The company’s gross margin also rose to 27.2% in the latest quarter from 24.1% a year earlier. Its quarterly net income for the third quarter fell slightly year-on-year to 169.4 million yuan. But its non-GAAP profit, which excludes some non-operational factors like stock-based employee compensation, rose 30% year-on-year to 261.9 million yuan.

Tsang’s disclosure that more than half of RLX’s revenue came from outside China means the company got less than 378 million yuan from the domestic market during the period. That shows the domestic market is still suffering, since RLX recorded 498.9 million yuan in revenues in the third quarter of 2023, most of that probably from China.

Rebuilding China business

The company has previously said it is still rebuilding its China business under the tighter post-crackdown restrictions. It has also complained that it faces competition from illegal products that may, for example, still use flavorings favored by many users.

On the earnings call, Tsang said retail outlets in China had declined from 50,000 in the pre-crackdown era to just 10,000, and reiterated that the flood of illegal products had taken down sales for the compliant industry by 80% to 90%. But he added that sales for products at a range of price points had started stabilizing this year.

RLX has been somewhat late jumping onto the export bandwagon. China produces as much as 95% of the world’s vaping products, but 90% of those are exported. Grand View Research estimated the China e-cigarette and vape market was worth $2.27 billion in 2023, equal to just 9% of the $24.6 billion in global sales that year estimated by data aggregator Statista. RLX competitors like Ispire Technology (ISPR.US) and Smoore International (6969.HK) both derive significant revenues from selling to markets outside China.

RLX’s sales were all in China until late 2023. It joined forces with the government in China to combat illegal products that were a big factor in depressing sales, with its Golden Shield program helping to intercept 60 million fake cartridges in 2023. CEO Wang Ying, who also uses the name Kate, said on the earnings call that between 80% and 90% of products sold in China were illegal. While the counterfeit problem may be easing this year, RLX isn’t waiting for the market to rebound and instead is diversifying geographically to fortify its business.

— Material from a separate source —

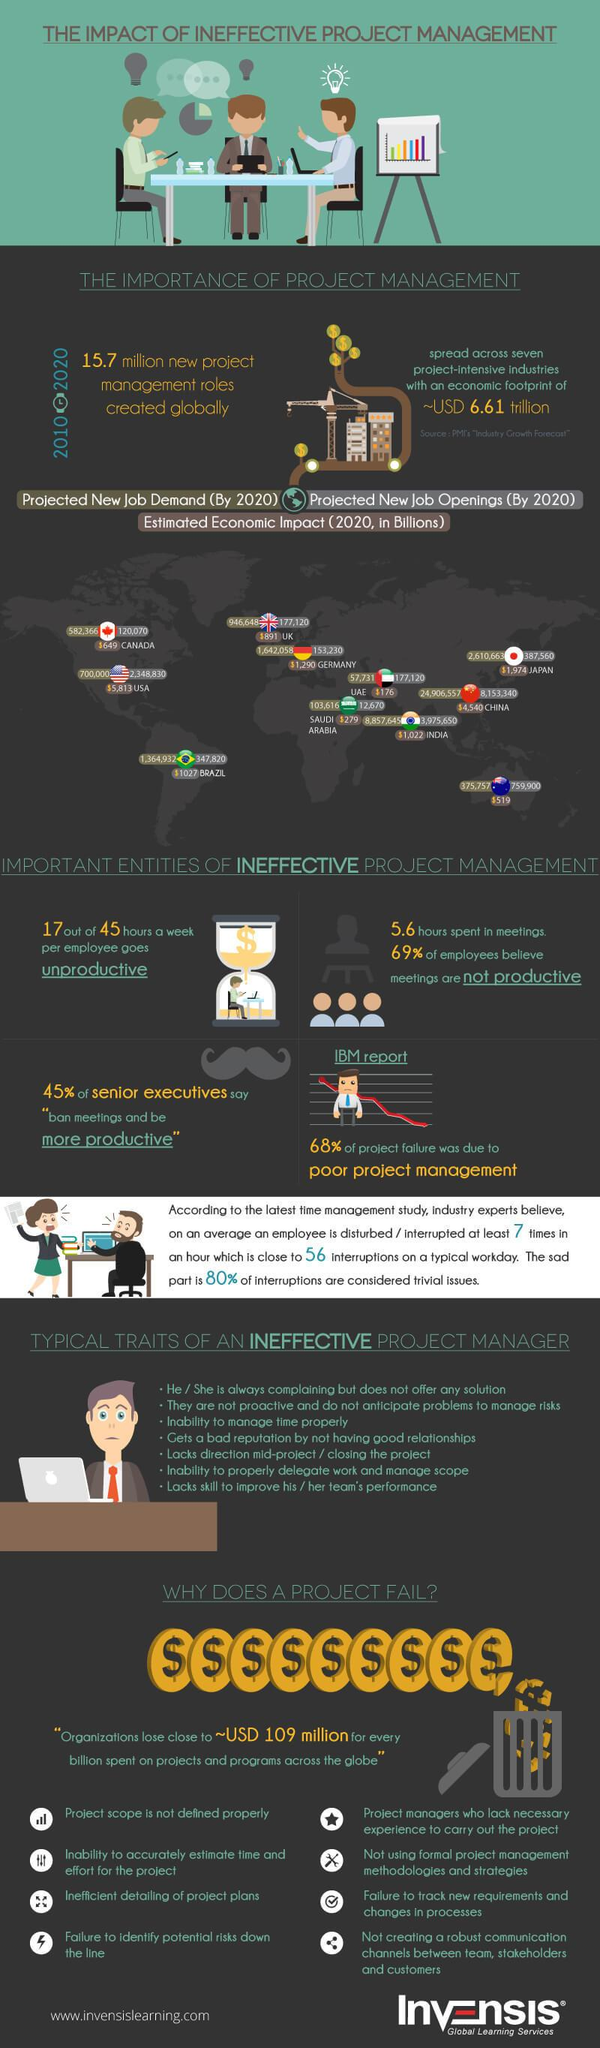Outline some significant characteristics in this image. In 2020, the projected new job demand in the United States is expected to be 642,269, while the projected new job demand in the UAE is expected to be significantly higher at [insert number]. According to projections, it is estimated that the demand for jobs in Canada will increase to approximately 582,366 by the year 2020. The economic impact of China and India in 2020 was significant, with China generating $3518 billion and India generating $2503 billion in value. The projected new job openings in China by 2020 are expected to be approximately 8,153,340. In 2020, Japan is projected to have 210,440 new job openings, while the UK is expected to have significantly fewer, at an estimated 132,680. 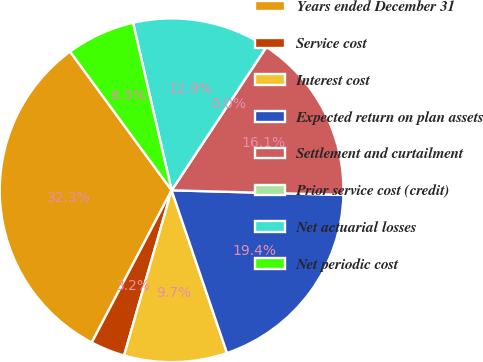Convert chart. <chart><loc_0><loc_0><loc_500><loc_500><pie_chart><fcel>Years ended December 31<fcel>Service cost<fcel>Interest cost<fcel>Expected return on plan assets<fcel>Settlement and curtailment<fcel>Prior service cost (credit)<fcel>Net actuarial losses<fcel>Net periodic cost<nl><fcel>32.26%<fcel>3.23%<fcel>9.68%<fcel>19.35%<fcel>16.13%<fcel>0.0%<fcel>12.9%<fcel>6.45%<nl></chart> 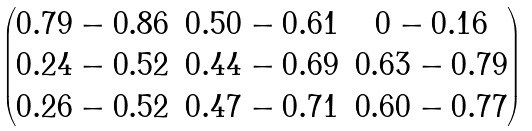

To kick off its global drive, it announced $25 million in equity investments in two companies in Northeast Asia and Southeast Asia last December. So far it has yet to enter the large but similarly tricky U.S. market, which has engaged in its own regulatory crackdowns and is also clamping down on a flood of illegal vaping devices.

RLX has spent millions of dollars on U.S. Food and Drug Administration-required studies since 2020 but has yet to receive approval for its devices. While it has not revealed which specific markets it has entered or is targeting, it has distribution in Indonesia, which has a smoking population of 61.4 million – far more than 28.3 million in the U.S. though tiny compared to China’s 300 million smokers.

While estimates of prospects for the global vaping market vary widely, most agree it is growing by double digits. RLX CEO Wang concurred, saying the international industry should experience annual growth in the teens percentage range over the next few years as more adult smokers transition from cigarettes to vaping products.

Despite all the beating it’s taken over the last three years, RLX’s price-to-sales (P/S) ratio of 8.81 is still far ahead of Ispire’s 3.06, probably due to the fact that Ispire is losing money and its revenue is falling.

Ispire also reported last week that its revenue declined by 9% year-on-year to $39.3 million in the three months to September, while its net loss widened to $5.6 million from $1.3 million. One thing Ispire shares with RLX is its search for new markets, as it tries to expand beyond the U.S. where its sales plunged by more than half in the latest quarter to $8.1 million. That just goes to show that the U.S. and China may be the world’s two largest economies, but they’re hardly friendly to vaping companies.